Putting the Muscle on Terrorism

Walter Laqueur's review of Robert Pape's Dying to Win and Mia Bloom's Dying to Kill (Book World, July 24) implies that democratic societies are unable to deal with terrorism without using authoritative or repressive measures. Yet the example he gives of the ability of dictatorships to control terrorism -- "there was little if any terrorism under Gen. Franco and the Greek colonels" -- is just wrong.

In Spain, Franco's repression of the Basques led to the formation of ETA (Euzkadi Ta Askatasuna) in 1959. ETA's violent campaign began in 1961 with an attempt to derail a train transporting politicians. In 1973 ETA committed what may be the most successful terrorist action in the 20th century (if success is measured by helping to achieve the group's goals, rather than by number of victims) when it detonated explosives under a car and assassinated Prime Minister Admiral Luis Carrero Blanco. The Admiral's death was a major blow to Franco's succession plans -- Franco intended to have a military junta headed by the Admiral control the country under a puppet king -- and gave Juan Carlos more freedom to work toward a democratic transition. After Spain became democratic, the majority of ETA supporters reentered the political mainstream, leaving behind a relatively small core of terrorist supporters.

In Greece the revolutionary group 17N was formed in 1973 after the military junta employed tanks to crush the student-worker occupation of an Athens university. Two years later, 17N assassinated Richard Welch, the CIA station chief in Athens. Opposition to the Junta also led to the formation of the terrorist group ELA.

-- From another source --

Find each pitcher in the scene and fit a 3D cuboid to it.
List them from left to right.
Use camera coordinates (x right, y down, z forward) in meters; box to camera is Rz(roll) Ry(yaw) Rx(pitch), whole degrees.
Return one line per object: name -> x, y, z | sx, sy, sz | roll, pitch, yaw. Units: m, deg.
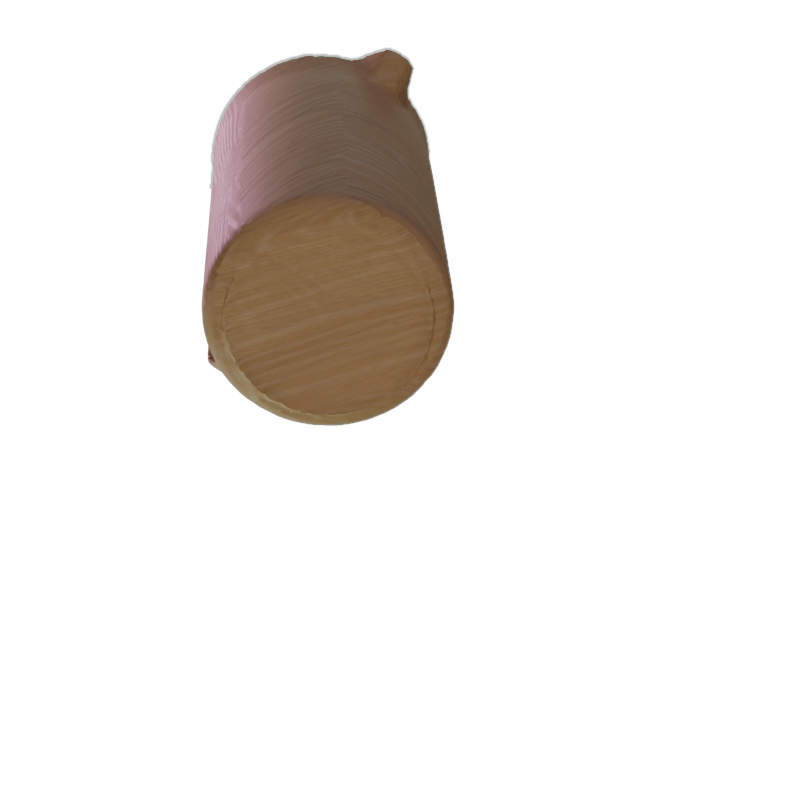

Dictatorship is not a solution to terrorism.

-- JEFF GORSKY

Arlington, Va.

Help Is on the Way

There's an old line about PR that goes something like this: "I don't care what you say about me . . . just spell the name right." Too bad your reviewer, Chris Lehmann, couldn't meet even that low standard in his acerbic review of my book SHAM: How the Self-Help Movement Made America Helpless (Book World, July 10).

Lehmann's accuracy problems begin with his mangling of the all-caps title, which is not a "ponderous author-coined acronym for 'Self-Help and Motivation,' " as he alleges, but a natural shorthand for a phrase -- "Self-Help and Actualization Movement"--that was in common usage long before I decided to write SHAM. How does a reviewer get the title wrong? Maybe Lehmann needs to do a bit more background research on his topic before he sits down at the computer in another one of his bilious moods.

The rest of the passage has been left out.